My 4th grader DS has a Dec. birthday and is the 4th youngest in his class. The youngest child in the class turned 10 last week. Of the 18 kids in his class, 2/3 have been held back. My younger son has an Oct. bday (one month after the cutoff date!!) and is the 2nd youngest in his class! :eek:

It's frustrating for me as a parent to have my children compared academically and athletically to children who should be in the grade ahead.

When I was a child, it was humiliating to be held back. It was a sign of failure. Now, it's considered a good thing. :confused: I can't imagine telling my child that he isn't smart enough to go to kindergarten on time, or that he needs to repeat a grade. What message does it send a child to hold them back?

since our kids were never taught (and we never ascribed) to an individual achievement or "right to do" something just happening because they were a certain age they never had the mindset that their starting kindergarten at 6 vs. 5 was any type of issue.

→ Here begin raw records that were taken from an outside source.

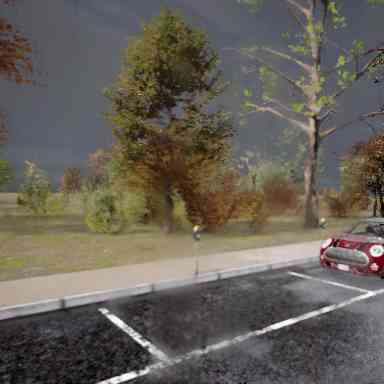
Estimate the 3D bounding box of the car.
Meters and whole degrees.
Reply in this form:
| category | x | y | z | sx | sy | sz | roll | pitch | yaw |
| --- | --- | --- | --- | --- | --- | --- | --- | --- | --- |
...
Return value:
| category | x | y | z | sx | sy | sz | roll | pitch | yaw |
| --- | --- | --- | --- | --- | --- | --- | --- | --- | --- |
| car | 5.742 | 1.539 | 10.189 | 4.097 | 1.590 | 1.967 | 1 | 0 | -36 |
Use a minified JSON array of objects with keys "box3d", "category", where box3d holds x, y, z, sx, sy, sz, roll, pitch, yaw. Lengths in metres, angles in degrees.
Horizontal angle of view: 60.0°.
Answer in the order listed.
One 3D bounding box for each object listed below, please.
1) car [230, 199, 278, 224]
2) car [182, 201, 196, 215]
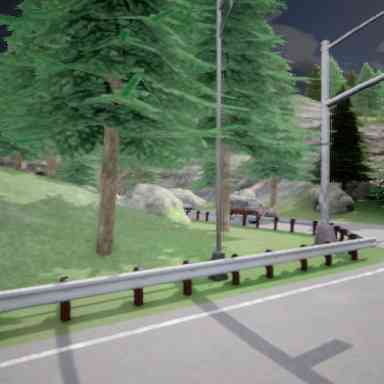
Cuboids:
[{"box3d":[4.240,1.329,24.902,2.097,1.767,4.553,0,0,-34],"category":"car"},{"box3d":[-1.327,1.529,33.212,1.994,1.385,4.181,0,0,-33],"category":"car"}]
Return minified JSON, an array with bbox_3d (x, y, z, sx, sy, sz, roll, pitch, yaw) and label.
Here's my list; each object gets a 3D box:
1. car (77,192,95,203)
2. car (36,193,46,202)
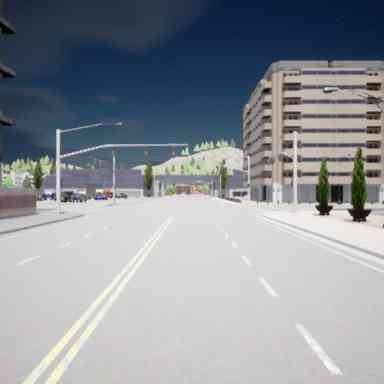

i would question anyone that (for any circumstance) told a child the reason they would not attend kindergarten was because "he is'nt smart enough" or equating a negative conotation to being held back.

as parents and educators have become more aware and attuned to addressing an individual child's needs educationaly and emotionaly they have come to realize that an arbitrary age criteria for school attendance or grade assignment should never be put before the child's needs.

and, as a bit of history-kindergarten was originaly intended and developed as a program for ages 3-6, the goal being to "gently lead a young child over the threshhold of learning" with emphasis on the "mental, physical and spiritual" development of the child. children were to learn by doing a task, idealy through play. it was never intended to be the classroom desk, workbook, homework, achieve x skill by day x that is has become today. while some public schools offered kindergarten decades ago there was a big shift re. increased numbers of kids attending when women were called into the work force (ww2) and ultimatly it became more acceptable (or necessary) for women to work outside the home. EARLY preschool has now replaced what kindergarten set out to be.
 
Skatermom23 said:
Not to nit pit...but the majority of older kids will turn 19 AFTER graduation. Most of the held back kids have birthdays from June-December. So your young 17 year old may be with an 18 year old. The only 19 year olds will be those rare situations of Spring birthdays and it has been my observation that there are usually good reasons, that may be none of our business, for that situation...

What do you live in my subdivision and know these kids? Maybe in YOUR area June-Dec kids are the only ones being held back but in our area that isn't the case. My ds is in 4-year old preschool, he has 2 birthday party invited for Jan one is for a kid turning 5 and the other is turning 6. In his class he has several kids who will turn 6 BEFORE he turns 5 and are also going to kindergarden next year.

While I admit to be overly passionate about the subject you seem to be trying to justify it at any cost.